Yesterday, the Girls' Varsity Soccer team started out with our first win! We scored a late goal with less than 2 minutes left in the game to make our way into the finals (of the tournament) on Saturday. After the celebrations and high fives, the referee came up to me and asked, "Have you taken Physics?" A bit taken by surprise, I responded "Yes." She went on to compliment the power and velocity of my punts, but she questioned the height. She believed, given the power behind the punts, that they should have greater horizontal range, and lower vertical distance. The ref believed that if I lowered my body, decreasing the projection angle, my punts would fly much past fifty yards. Her advice made me wonder, Is there an optimal projection angle? I looked online and found a study done in at Brunel University in the UK. Two men researched, and experimented to find the optimum projection angle to achieve maximum distance on a punt. To do this, they also took into account ball spin rate, projection height, projection velocity, foot velocity, and many more factors. What were their findings? To reach his or her maximum range, the average goalkeeper should have a projection angle of around 50 degrees. I definitely want to attempt this; but, the exact measurements might be a little tough, without the necessary technology. In practice, I will just experiment with many different projection angles. To read more in depth about this, I found the results of the study at Brunel University on http://www.jssm.org/vol10/n1/27/v10n1-27pdf.pdf.

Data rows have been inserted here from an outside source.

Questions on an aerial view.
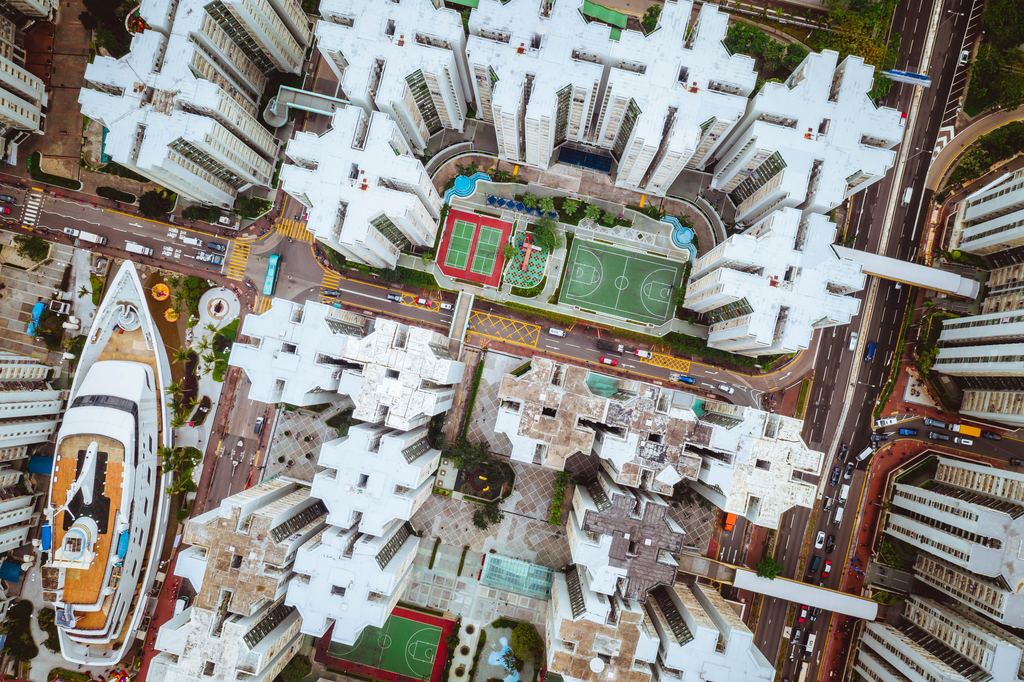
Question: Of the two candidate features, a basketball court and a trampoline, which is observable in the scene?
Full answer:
Of the two, only a basketball court appears.
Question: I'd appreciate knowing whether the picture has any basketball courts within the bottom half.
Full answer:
Yes, I can see a basketball court within the bottom half.
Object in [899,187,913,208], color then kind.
white vehicle
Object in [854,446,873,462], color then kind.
white vehicle
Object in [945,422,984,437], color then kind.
orange vehicle
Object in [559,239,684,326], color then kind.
green basketball court
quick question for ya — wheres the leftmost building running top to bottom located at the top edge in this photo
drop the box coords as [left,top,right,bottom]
[0,29,55,159]
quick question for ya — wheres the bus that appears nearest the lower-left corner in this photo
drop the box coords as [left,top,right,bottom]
[173,593,193,620]
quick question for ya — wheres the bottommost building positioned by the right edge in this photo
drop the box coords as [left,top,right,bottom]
[849,584,1024,682]
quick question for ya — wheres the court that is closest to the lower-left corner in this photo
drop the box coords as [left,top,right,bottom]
[314,607,455,682]
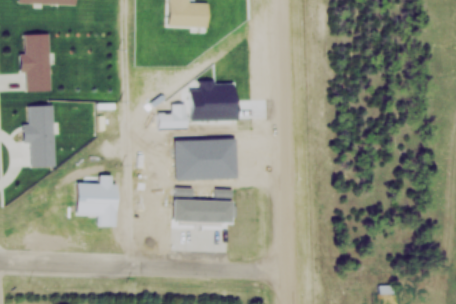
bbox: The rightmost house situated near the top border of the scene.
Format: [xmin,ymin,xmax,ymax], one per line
[168,0,210,34]
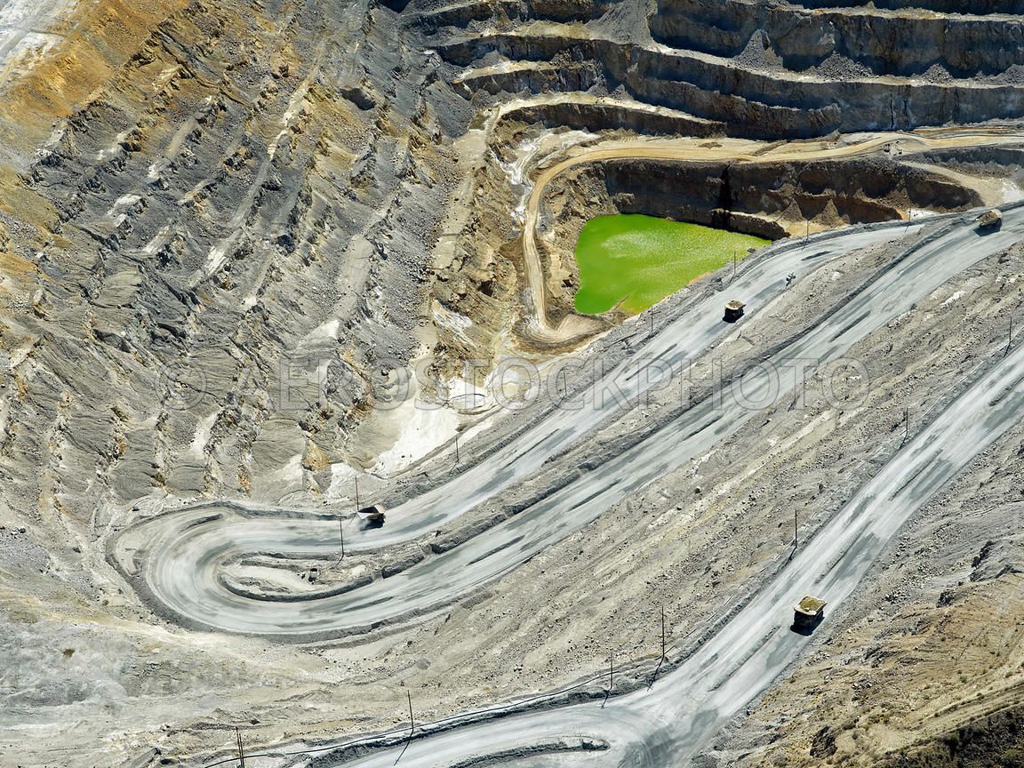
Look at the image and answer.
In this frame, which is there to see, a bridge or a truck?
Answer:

So, this first blog entry is an introduction to me, goalkeeper0. As seen in my username, I obviously am a goalkeeper (for soccer)...I will soon post a blog entry about a recent soccer/physics encounter of mine. So, about me. I am interested in a combination of all three sciences, Biology, Chemistry, and Physics. Thus, in college, I hope to study biomedical engineering-- which brings together both engineering and medicine. Biomedical engineering appeals to me, because of its many different career paths, whether that be in imaging, regenerative medicine/tissue engineering, work with prostheses, etc. Originally, I was just going to take AP Chem this year, but I really wanted to take Physics C too. After reworking my schedule, I added Physics C, because I want a strong Physics background going into college. Plus, I like taking challenging courses. Last year, I enjoyed AP Physics B a lot more than I thought I would, and I look forward to learning Physics with Calculus. By the end of the year, I hope to be a confident physics student. I look forward to learning with you all (fellow Physics C students)! What am I most anxious about? Well, I really don't know yet. But, as soon as we get deeper into Physics C, I bet I will be anxious about pretty much everything...but I suppose that is normal.